Flunks Retaliation Test

------------------------

No “Blackballing”

by Employer;  Retaliation

need not rise to level of

blackballing…

--------------------------

…”It must, however,

be clearly adverse, not trivial.”

 

From 1999 to 2006 Evelyn Szymanski filed no less than ten EEOC charges while employed by Cook County Hospital.  In 2000 she accused the hospital of race and national origin discrimination, and took this charge to court, and lost in front of a federal jury.  About three weeks after this adverse verdict, she was fired from her position as a nurse practitioner at the Fantus Health Center.  She filed another charge, and then a lawsuit, claiming that her boss, Dr. Raba, fired her in retaliation for her 2000 charge and litigation.

She won this time, and the jury awarded back pay and front pay.  Judge Coar did not order reinstatement given the fractured relations between the parties.  The judge also ordered Cook County to expunge the dismissal from its personnel records. Thereafter Szymanski went shopping for a job at various hospitals, including University of Chicago, two nurse staffing agencies, Interim Health Care and Integrated Health Solutions, and Hunter Enterprises.  According to her Raba had warned her at the time of her dismissal that she was going to pay for “this” for the “rest of [her] life.”

According to a retaliation claim filed again after she won, Raba told Interim that she no longer met the county’s criteria for nurse practitioner; he told Integrated that she lacked a “collaborative agreement” (which she claims he unjustly denied her), and that she was fired; told University of Chicago that she was fired for “misconduct”.  In short, she could not get work because Raba was “blackballing” her.

The Seventh Circuit upheld summary judgment against Szymanski.  The action taken by Raba must have been “adverse,” i.e., disseminating false reference information that a prospective employer would view as material.  The court noted that giving critical information to an employment agency is not the same as disclosure of such information to an actual employer.  To the extent Hunter received negative input from Raba, Hunter (and its customer Szymanski) should have refrained from using him as a reference; “That seems to be the purpose of hiring Hunter in the first place,” the court added.

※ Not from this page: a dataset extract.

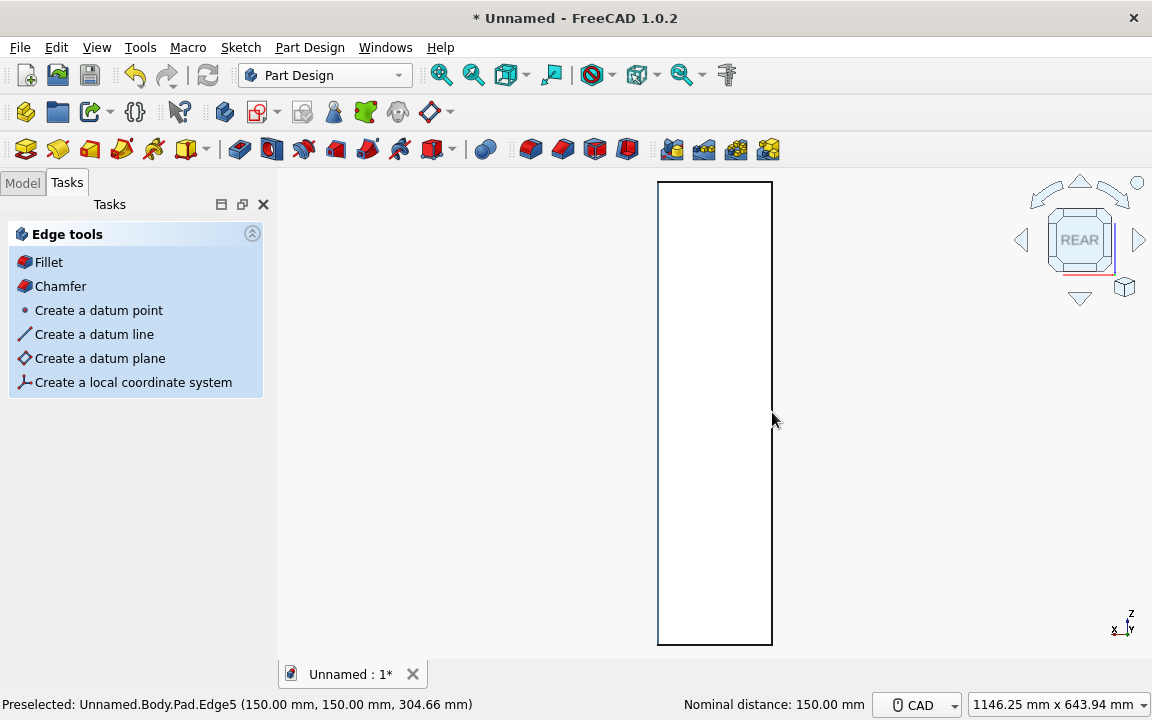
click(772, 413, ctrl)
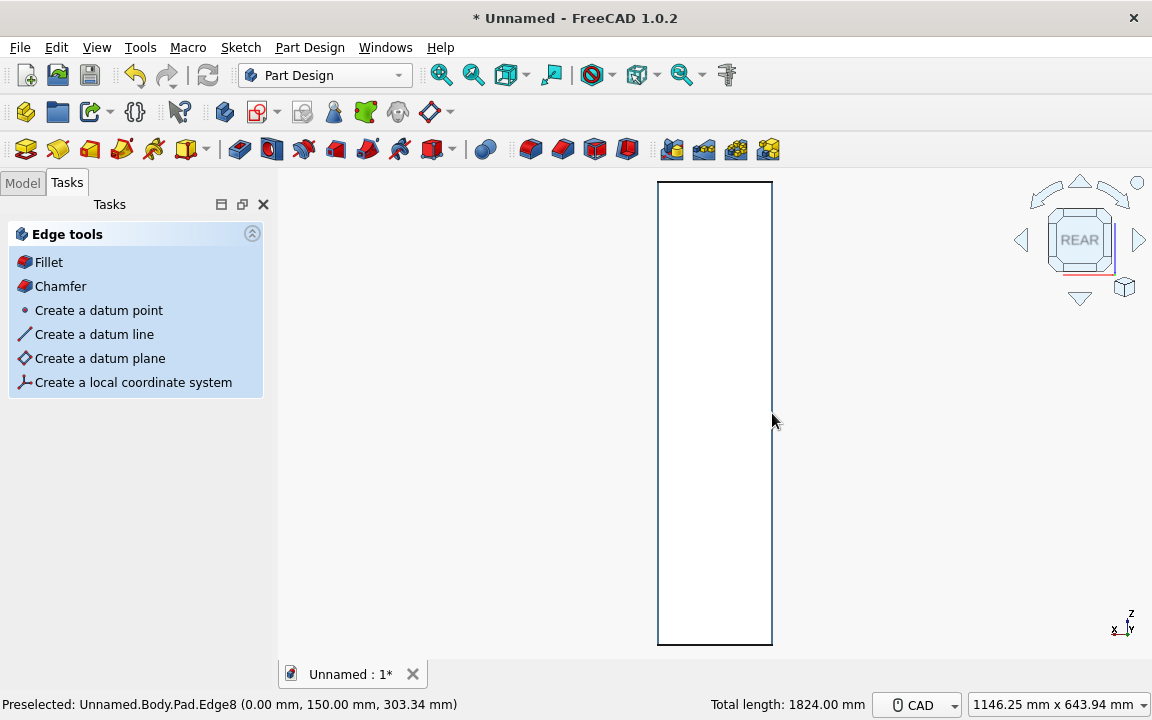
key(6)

The court was mystified at the allegation that U of C received negative input from Raba; neither the U of C person claimed in the lawsuit to have heard this, nor Raba, stated that there was any communication between them.  Apparently to avoid this gaping hole in her case the plaintiff declared that at her deposition the U of C recruiter was instructed by her attorney not to testify about why U of C declined to hire Szymanski.   She attempted to identify a nefarious reason for this instruction.  “There are explanations for this instruction which have nothing to do with retaliation. Primarily self-interest,”  the court observed.

Finally, the court noted, the plaintiff was her own worst enemy in her dialogue with U of C, to which she sent 287 e-mails seeking a job.  The U of C application contained the usual request for references, and Szymanski wrote: “you have not received my written permission for [sic] reference check.  upon submitting the application somehow my application is electronically signed.   This is illegal.”